Thursday, May 5, 2011

The last one standing (or sitting) is a woman

A poignant day in history: the last man believed to have served in World War I has died in Perth, Western Australia. He was Claude Choules, and despite the French-sounding name was British.
Florence celebrates her 110th in February (pic British Forces News)
That leaves Florence Green, who served as a waitress in the fledgling Royal Air Force in 1918 as the last (wo)man standing, or perhaps more often sitting, given her great age.
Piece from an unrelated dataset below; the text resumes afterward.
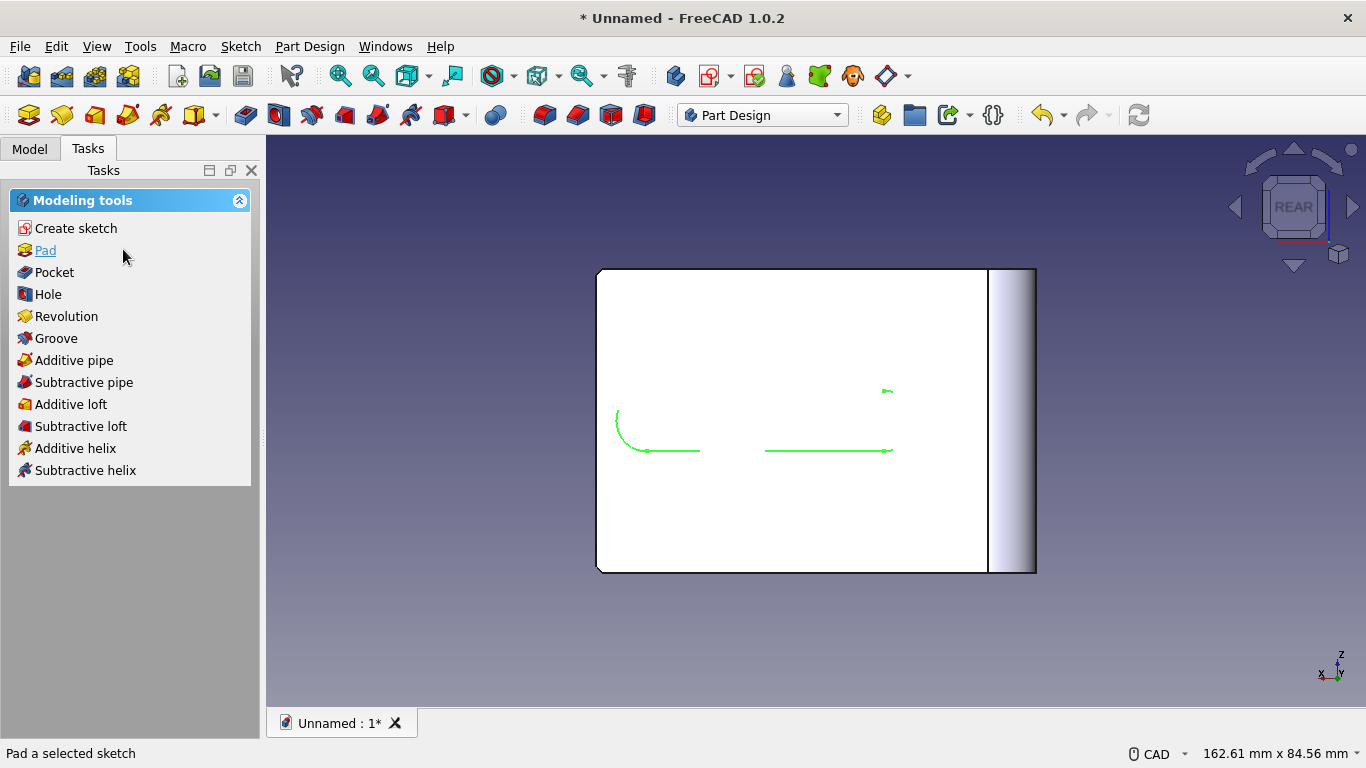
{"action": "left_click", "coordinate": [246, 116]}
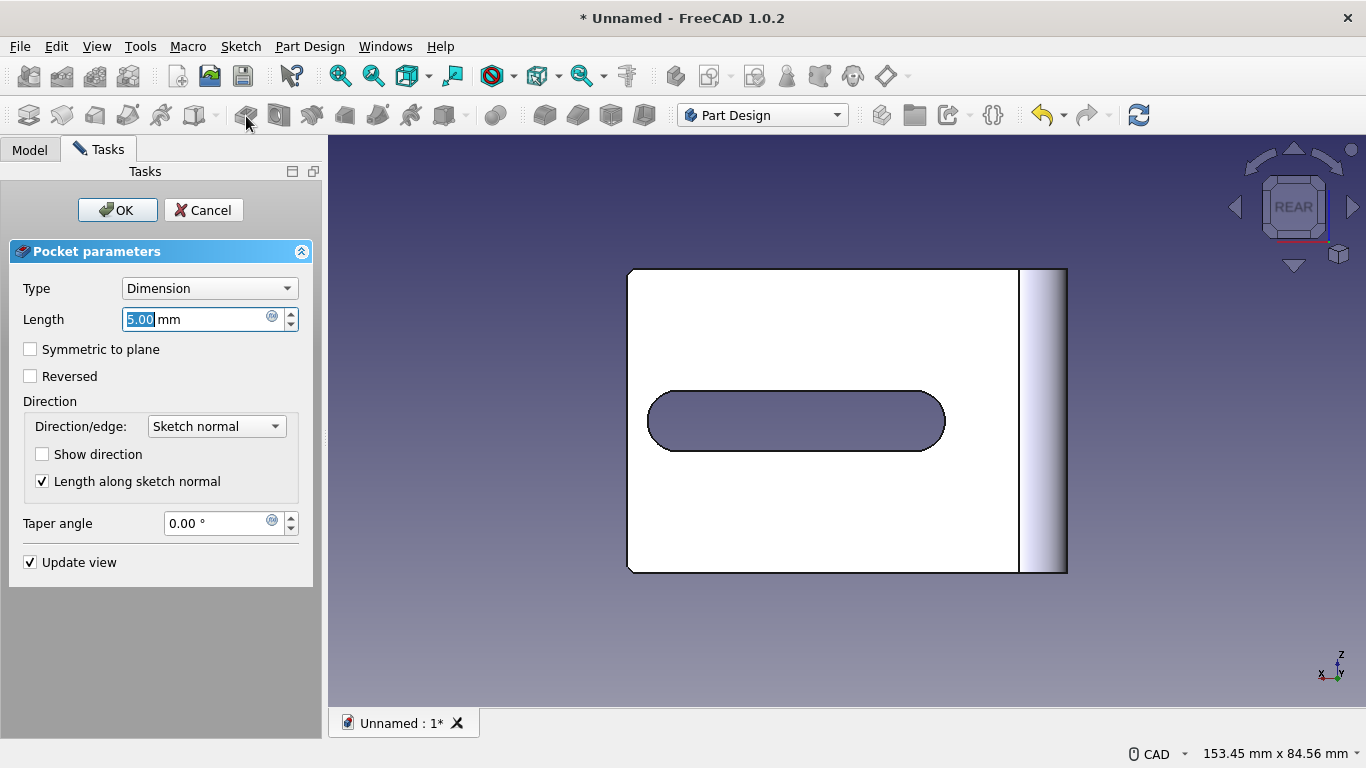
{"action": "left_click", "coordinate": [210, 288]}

However, this isn't to say that there aren't still a few longlived stray individuals out there who might also qualify to have served in some capacity in the Great War.
What about the many other nationalities who are often overlooked in these mostly Western statistics?
According to some sources in the British army alone, over 1.5 million "Indians and other 'coloured' troops" served in that war and yet there is very little known about most of them. Plus there are the non-combatant labourers such as the Chinese and Africans who did not fight, but also died in the course of doing their work. No doubt some of them might also have been waiters like Florence Green, but because of the class and racial attitudes of the day, they have long been lost to history.